I feel like the last puppy of a liter, everyone gives lots of love and attention when they are there, but in the end the puppy is still alone. (wow...I am not sure if that could get any more sappy or 3rd grade, but it came to my mind so I am putting it out there).  Read: no one can change the mind games I play with myself, there is no one who can give me the energy that I lack, no one that can tell me which direction to go...except maybe Dr. Seuss. 


It will suck the life right out of you.
My bedroom was a happy place. I loved taking naps, that usually involved a bed, there enters the bedroom. Lots of great things happen in a bedroom (yep, that is one of them, move on), you close your day by saying goodnight, you greet each morning, it should be a safe place, a place of relaxation and comfort. Mine makes me sick to my stomach. I have been sick for almost a week now with a horrible cold, and have been stuck in bed for the first time as a "healthy" person. I was brought back into that helpless feeling. The romance has been pulled from the room, the safety-net ripped away, and even the walls remind me of cancer.


Some of my life has become a struggle to let go of the past, so I can shape the future. But I feel like I am being hindered by objects--and the feelings attached to objects. I want a serene room where I can nap, where I can feel relaxed and where I can do other bedroom type things. The feeling I have in the pit of my stomach remains there. I spent a majority of the last year staring at the fucking dresser, the walls, the ugly curtains, and trying to get comfortable with these fucking pillows. A year. And now I am expecting it to all of a sudden be this place of comfort--come on! This process is like walking in mud, well more like drowning in it.
I am in a holding pattern. I have this continuous thought stream where I ask myself what I want to do for the rest of my life. Not just what do I want to do for a living--but for my life. I think people who haven't been forced to face death view life as something they are just given--there aren't words to express how terrifying it is when you are dealt the card that can take it all away in an instant. I may not live to see 90, and there are so many things I want to do, this internal struggle is like a cancer. I feel pressure to succeed and do everything I can and do it all NOW, because I don't know how long I will be able to do it. I know this is ridiculous, but it is another one of those internal head games I am getting so good at playing.







Thursday, August 4, 2011

this girl, she...is done with infusions

Today was my last Herceptin infusion! That means NO MORE CHEMO for this girl. No more infusions in my port, no more, no more no more.  All I have left is my great Tamoxifen for the next 5 years, but people have popped pills for worse.

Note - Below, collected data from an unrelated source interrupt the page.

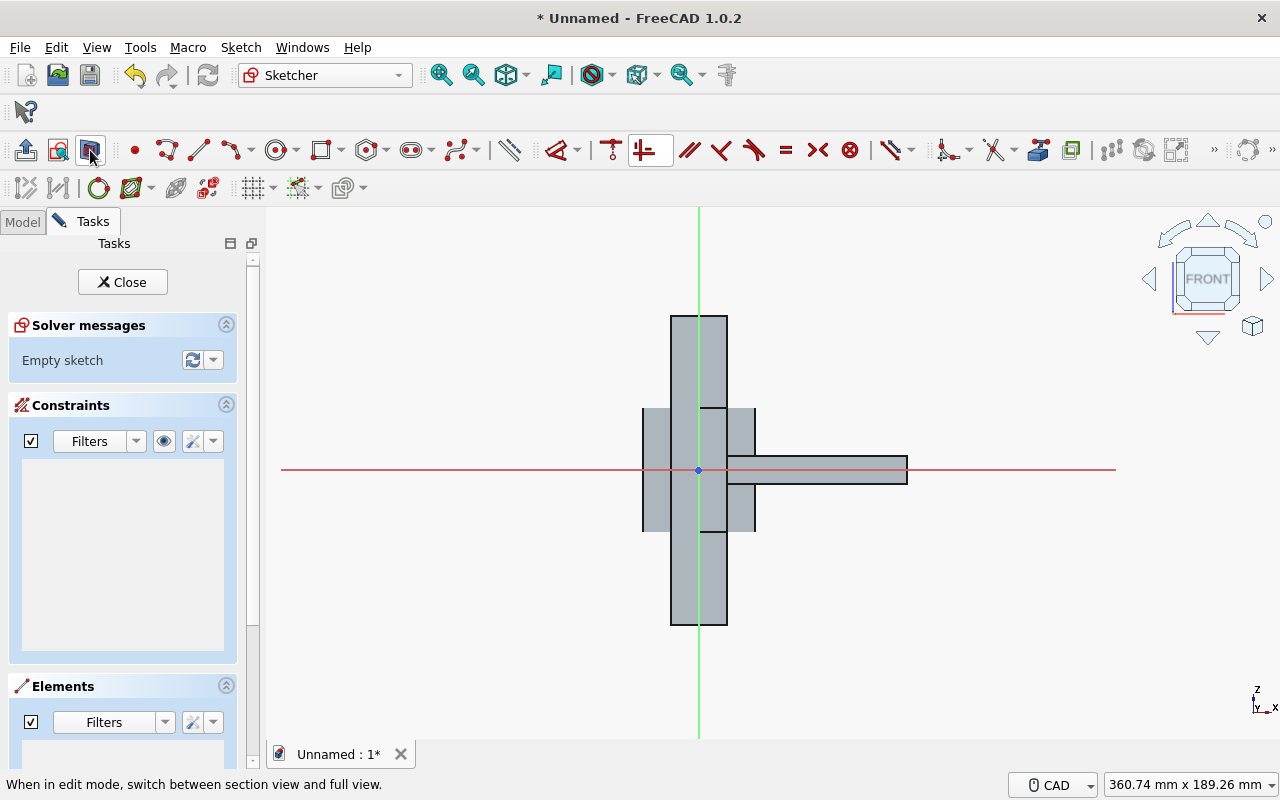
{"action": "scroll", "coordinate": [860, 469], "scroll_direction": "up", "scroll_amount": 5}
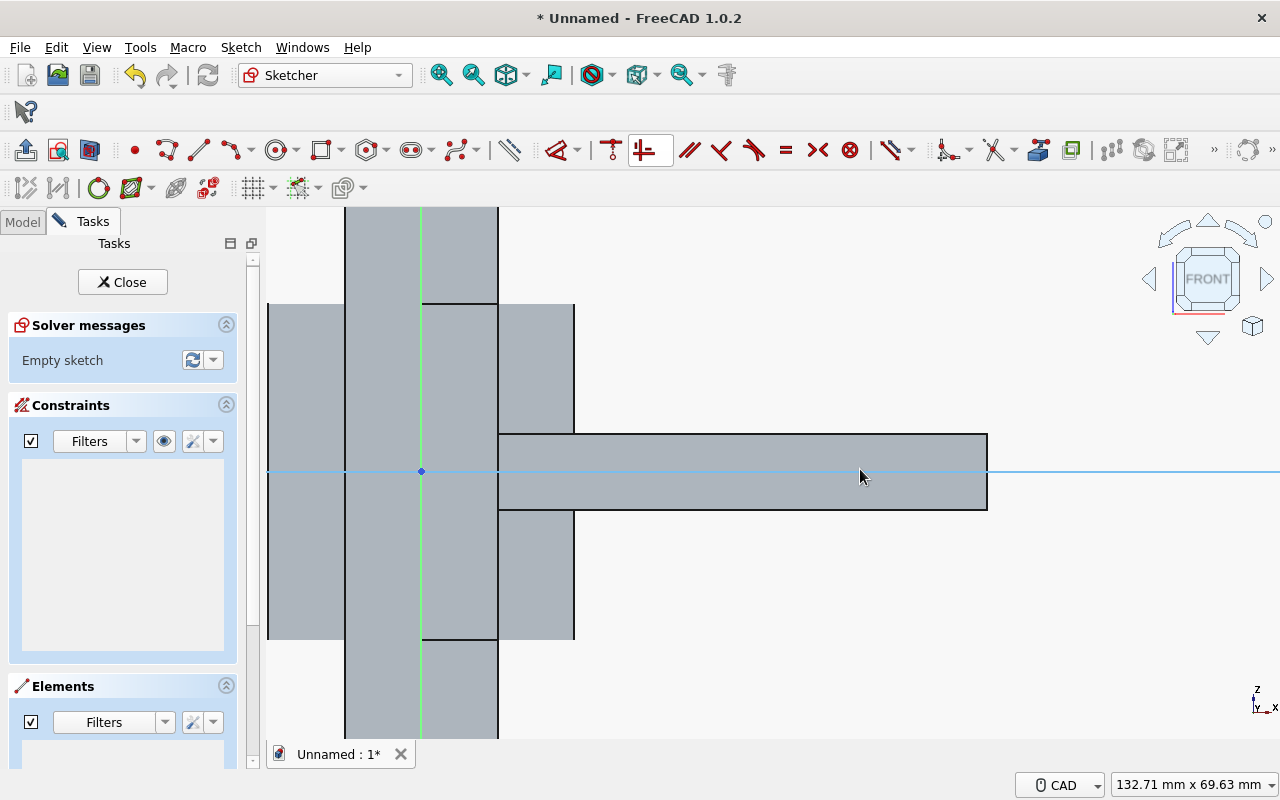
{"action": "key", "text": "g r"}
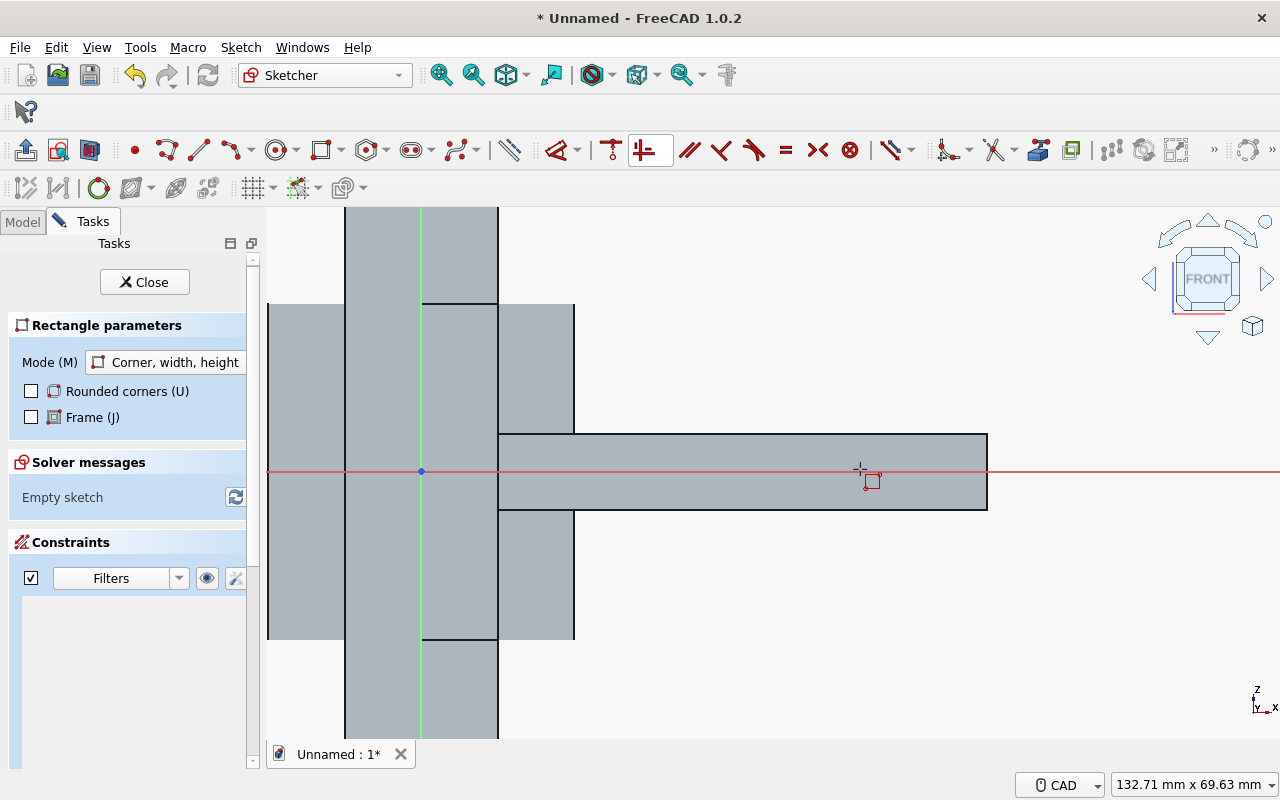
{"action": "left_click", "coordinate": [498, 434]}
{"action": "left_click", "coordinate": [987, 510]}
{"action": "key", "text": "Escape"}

Last night I had my soul recharged--I was able to see some lovely ladies (and a tiny one) that I haven't seen in too long. I was fortunate enough to listen to Lix Lamoreux (http://www.lizlamoreux.com/) and recharge my roots. It was a great 'herceptin eve'. We wrote some poetry using word lists and the prompt "this girl, she...". 

Here is my soul, recharged:

This girl, she...
has been disected, ripped and turned into a disaster.

This girl, she...
has filled her veins with poison in the name of health.

This girl, she...
is endlessly reminded of death due to the scars near her heart.

This girl, she...
finds dizzying comfort in a dinner plate.

This girl, she...
says thanks for the dark times--
leaving room for the light.

This girl, she...
thirsts to recognize the girl in the mirror.

This girl, she wants to be whole again.
This girl, she tries not to escape grace.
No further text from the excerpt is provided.